Heuristic:Bitsandbytes foundation Bitsandbytes Compute Dtype Mismatch Warning
| Knowledge Sources | |
|---|---|
| Domains | Optimization, Quantization |
| Last Updated | 2026-02-07 13:00 GMT |
Overview
Performance warning: passing float16 input to Linear4bit with the default compute_dtype=float32 causes slow inference; set `bnb_4bit_compute_dtype=torch.float16` or `torch.bfloat16` for speed.
Description
Linear4bit performs dequantization and matmul in a compute dtype that defaults to float32. When the input tensor is already float16, this default causes an unnecessary fp16→fp32 promotion that significantly slows computation (2-3x slower).
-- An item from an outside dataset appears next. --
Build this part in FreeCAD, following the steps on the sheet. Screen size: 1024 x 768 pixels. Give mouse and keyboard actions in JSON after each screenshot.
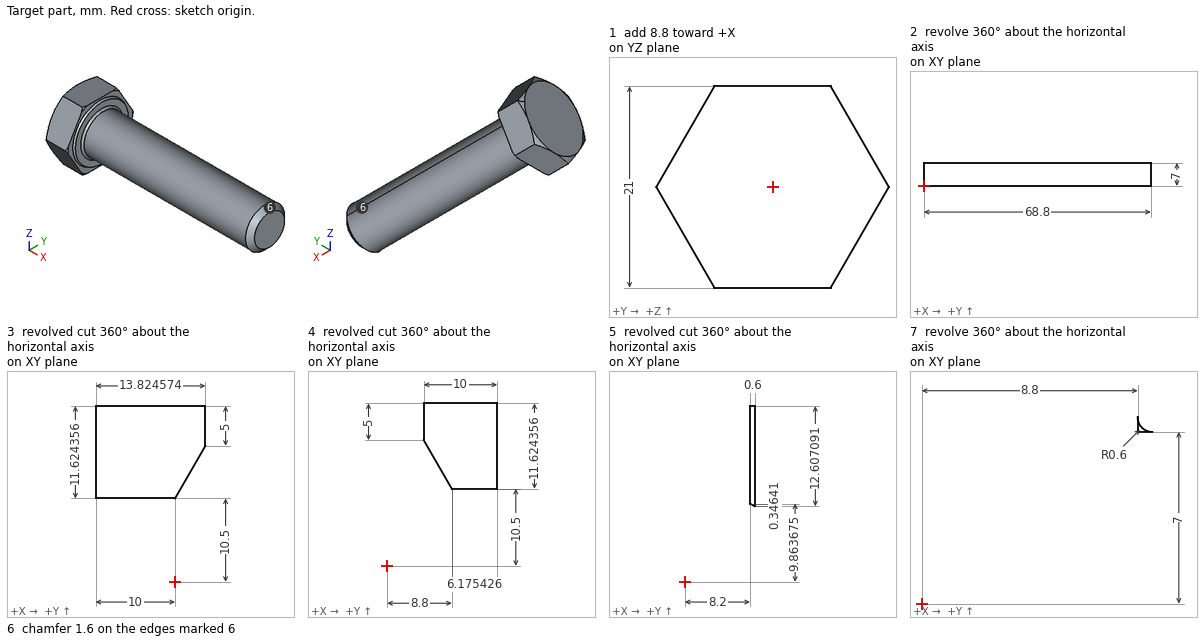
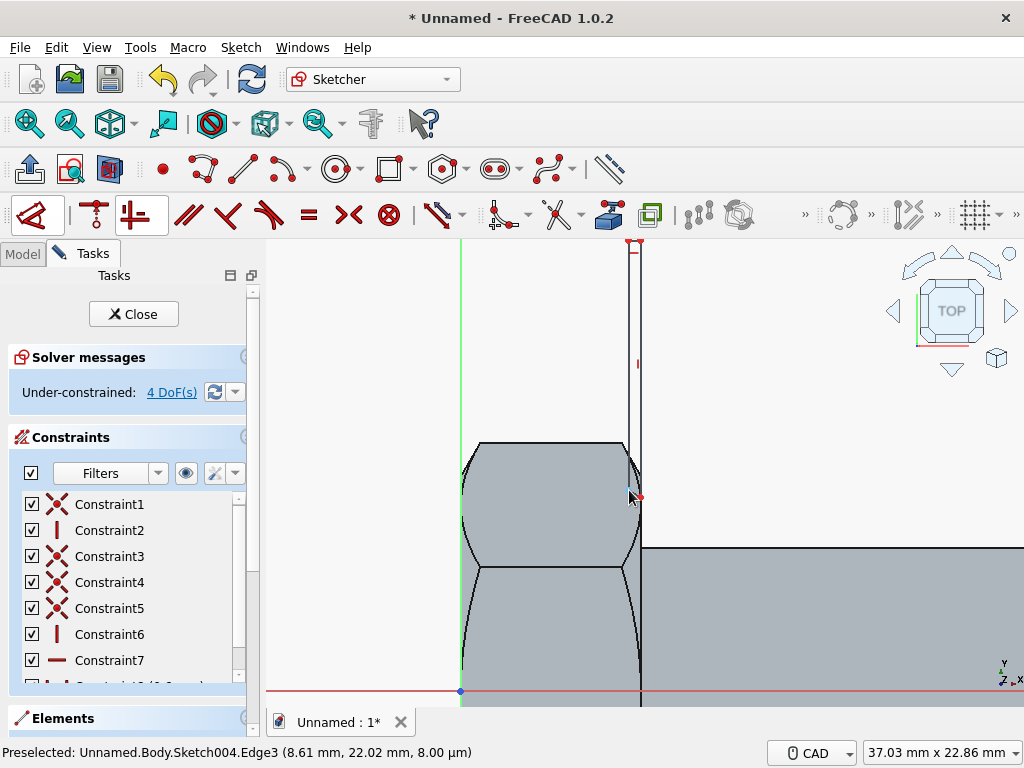
{"action": "left_click", "coordinate": [629, 490]}
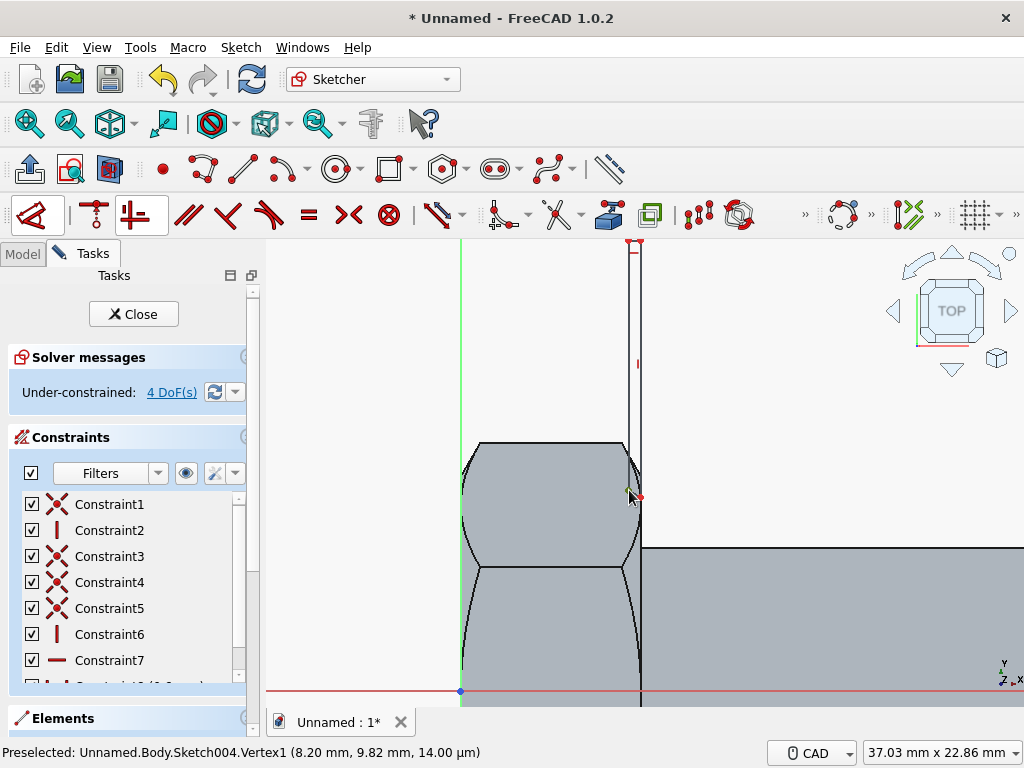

Bitsandbytes detects this mismatch and emits a warning at runtime. The fix is to explicitly set the compute dtype to match the input dtype, or use bfloat16 which is both fast and numerically stable. For 8-bit (Linear8bitLt), a separate warning is emitted when inputs are not float16, as the INT8 quantization pathway requires fp16 casting.
Usage
Apply this heuristic when using 4-bit quantized models (BitsAndBytesConfig with `load_in_4bit=True`) and observing unexpectedly slow inference or training. Check if your input dtype matches the compute dtype setting.
The Insight (Rule of Thumb)
- Action: Set `bnb_4bit_compute_dtype=torch.bfloat16` in BitsAndBytesConfig, or `torch.float16` if bf16 is unavailable.
- Value: bfloat16 is preferred (fast + stable). float16 is acceptable. float32 is slow but most precise.
- Trade-off: Lower precision compute dtypes (fp16/bf16) are 2-3x faster but may introduce minor numerical differences. float32 is the safest but slowest option.
- Single-batch detection: The warning differentiates single-batch inference (`x.numel() == x.shape[-1]`) from multi-batch, as the performance impact is more pronounced for single-batch.
Reasoning
The performance gap occurs because GPU tensor cores operate most efficiently in fp16/bf16. When compute_dtype=float32, the dequantized 4-bit weights and inputs must be promoted to fp32 before the matmul, bypassing tensor core acceleration. The warning is designed to catch the most common misconfiguration: loading a model in 4-bit without explicitly setting the compute dtype.
Compute dtype detection from `bitsandbytes/nn/modules.py:493-511`:
def set_compute_type(self, x):
if x.dtype in [torch.float32, torch.bfloat16]:
# the input is in a dtype that is safe to compute in, we switch
# to this type for speed and stability
self.compute_dtype = x.dtype
elif x.dtype == torch.float16:
if self.compute_dtype in [None, torch.float32] and (x.numel() == x.shape[-1]):
warnings.warn(
"Input type into Linear4bit is torch.float16, but bnb_4bit_compute_dtype=torch.float32 "
"(default). This will lead to slow inference.",
)
if self.compute_dtype in [None, torch.float32] and (x.numel() != x.shape[-1]):
warnings.warn(
"Input type into Linear4bit is torch.float16, but bnb_4bit_compute_dtype=torch.float32 "
"(default). This will lead to slow inference or training speed.",
)
INT8 input casting warning from `bitsandbytes/autograd/_functions.py:122-123`:
if A.dtype != torch.float16 and not _is_compiling():
warnings.warn(f"MatMul8bitLt: inputs will be cast from {A.dtype} to float16 during quantization")